POSITIVE NEWS: vaccine availability and update
Dear Duquesne University students,
PA Governor Tom Wolf and the Pennsylvania Departments of Health and Education is encouraging all students at Pennsylvania colleges and universities to receive their COVID-19 vaccination before the semester ends.
The University will share opportunities for vaccinations as we learn of them. Please watch your email. Please also note the statement below from Dr. Debra Bogen, Director of the Allegheny County Health Department, about the value of acquiring an initial dose of vaccine.
VACCINE APPOINTMENTS AVAILABLE TOMORROW
On Saturday, April 17, Pittsburgh Mercy Family Health Center, located on the South Side, is offering free COVID-19 vaccinations by appointment to adults 18 years and older. Appointments are available between 9 a.m. and 2 p.m. (This is not UPMC Mercy, the hospital next to Duquesne. This is a different organization, located on the South Side.)

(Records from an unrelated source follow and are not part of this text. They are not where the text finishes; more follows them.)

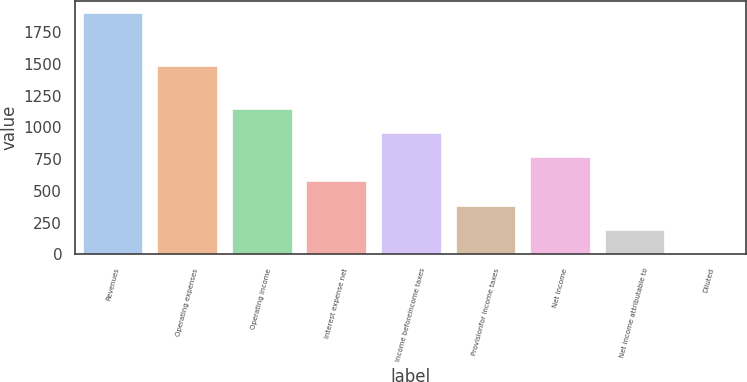<chart> <loc_0><loc_0><loc_500><loc_500><bar_chart><fcel>Revenues<fcel>Operating expenses<fcel>Operating income<fcel>Interest expense net<fcel>Income beforeincome taxes<fcel>Provisionfor income taxes<fcel>Net income<fcel>Net income attributable to<fcel>Diluted<nl><fcel>1903.9<fcel>1483.6<fcel>1143.93<fcel>573.93<fcel>953.93<fcel>383.93<fcel>763.93<fcel>193.93<fcel>3.93<nl></chart> 
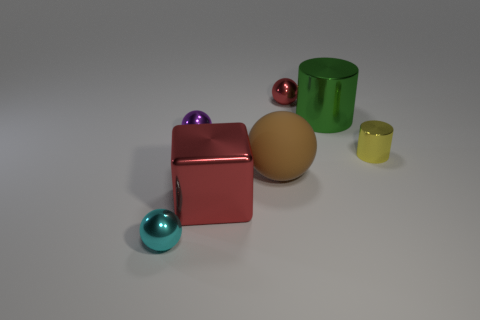How many large things are the same shape as the small red object? There is one large object that shares the same cubic shape as the small red object in the image. 
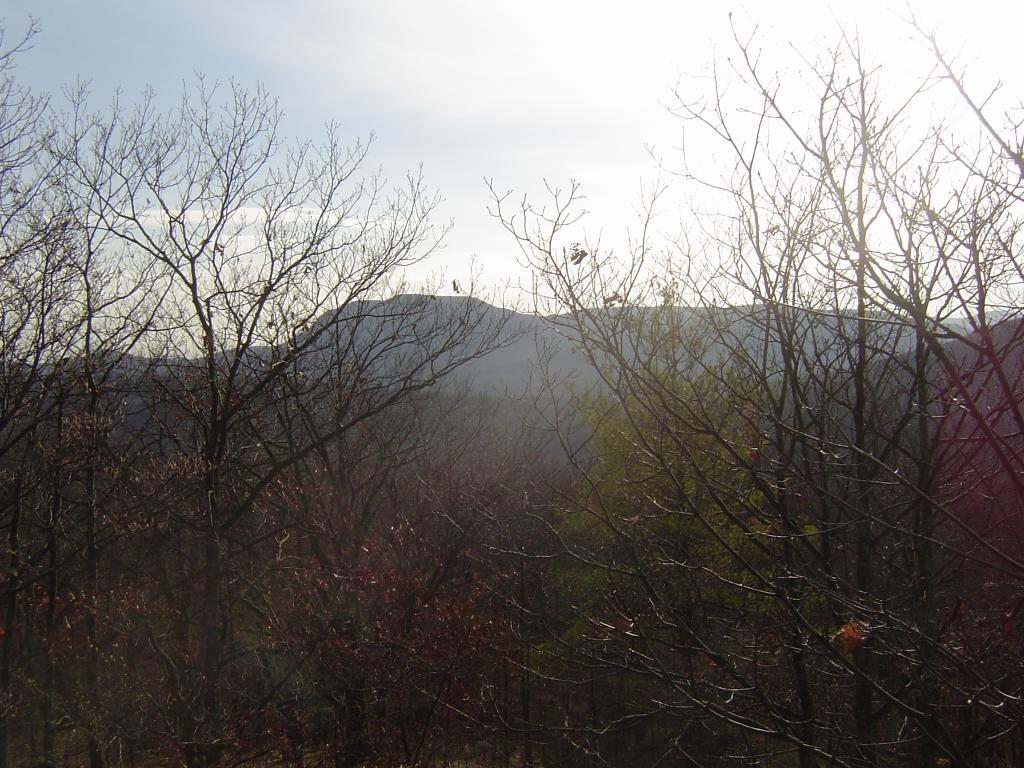What type of vegetation is in the foreground of the image? There are trees in the foreground of the image. What geographical feature can be seen in the background of the image? There is a mountain in the background of the image. What is visible at the top of the image? The sky is visible at the top of the image. What can be observed in the sky in the image? There are clouds in the sky. What type of lamp is hanging from the tree in the image? There is no lamp present in the image; it features trees, a mountain, and clouds in the sky. What religious symbol can be seen on the mountain in the image? There is no religious symbol present on the mountain in the image; it is a natural geographical feature.

To schedule an appointment, or for more information, visit www.pittsburghmercy.org, the organization’s COVID-19 Vaccination webpage, or call 412.918.0631. Pittsburgh Mercy is administering the Moderna COVID-19 vaccine, and therefore can only vaccinate adults 18 years and above.
The vaccine is free. Free parking is available. Appointments, masks and physical distance are required.
STATEMENT FROM DR. DEBRA BOGEN, DIRECTOR, ALLEGHENY COUNTY HEALTH DEPARTMENT
Dr. Bogen sent the following message to the presidents of all Pittsburgh-area colleges and universities:
“I urge you to encourage all of your students to get vaccinated. As more vaccine is available in more locations, the ease and access are becoming better for everyone. I understand that, for many of your institutions, students will be leaving in a few weeks’ time. For those who do not live locally, there is concern that they will not be able to receive their second dose when recommended. Even with that caveat, I still urge them to get vaccinated.
“Clinical data show us that after just one dose of either Pfizer or Moderna vaccine, the risk of developing symptomatic covid-19 disease is reduced by up to 80% within two weeks. Even without a second dose, the vaccine provides significant protection. Students should of course understand that they are not fully protected—and should seek the second dose per the national recommendations.
“Additionally, although students may not be local to receive their second dose, the additional supply of vaccine throughout the country has loosened restrictions allowing many to secure a second dose at locations other than where they received their first. Students should just be certain to take their vaccination card with them and to present it when seeking their second dose. They should also be certain that they receive the same vaccine for their second dose as they received for their first.
“In the event that there are some who are unable to secure a second dose, we will be happy to work with you to accommodate them when they return to campus in August.
“As I am sure you are aware, students who are partially or fully vaccinated against COVID will have a safer and more robust college experience, something that all of us want for them. It also ensures that those who are involved with the day to day administration of your institution are protected, as are the families, friends and acquaintances of the students.”